I just disagree with the "little less" statement. Your experience of dependence maybe colors your language, I would use different but not less, as my psychedelics experiences have taught me so much about myself I don't feel diminished in any way after having them.
> this particular drug is not just mind altering, it is life altering. It unlocks things in your mind that permanently change your perception.

I agree, but to 100x less of a degree than learning French, or becoming very good at chess.

One thing we need to pay attention to is the degree to which this chemical, and this class of chemicals, have been romanticized by the culture. Especially because these drugs make you more suggestible, expectations picked up from social lore can dominate one's subjective experience, and the memory of it.

The psychadelic effects of this particular drug is so overwhelmingly, convincingly powerful that it's hard for me to imagine anyone who actually took it describing it as "romanticized". Words cannot accurately describe how convincingly powerful the visual hallucinations are. None of the T-shirts or album covers do the actual experience justice.

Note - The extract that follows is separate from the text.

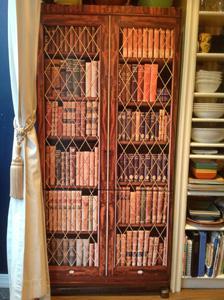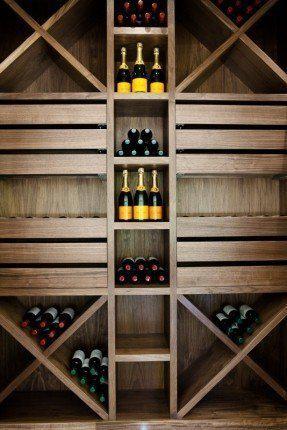The first image is the image on the left, the second image is the image on the right. Considering the images on both sides, is "In one image there are books on a bookshelf locked up behind glass." valid? Answer yes or no. Yes. The first image is the image on the left, the second image is the image on the right. For the images displayed, is the sentence "there is a room with a bookshelf made of dark wood and a leather sofa in front of it" factually correct? Answer yes or no. No.

To your point about expectations; Related story: One time me and my friends got some and we were supposed to wait for a friend to get out of work before we all took it together. We couldn't wait, and passed around the tin foil containing the stuff and we each took our hits. I was last, I bought 2 hits and there were 2 tabs on the foil. So I took both of them and threw the empty foil away. 20 minutes later someone comes to me looking for the foil, because it supposably still contained 2 tabs for my friend who was on his way. It turns out that I accidentally took the 2 hits that I bought AND the 2 hits that my friend bought (the 2 tabs in the foil represented 4 hits total). I still had his tab on my tongue, so I removed it and put it back in the foil. It was totally cooked. When my friend came over, we didn't tell him and he took the his empty tabs and insisted all night that he was tripping sack, sometimes embarrassingly so. Meanwhile I was rocked out of my gourd.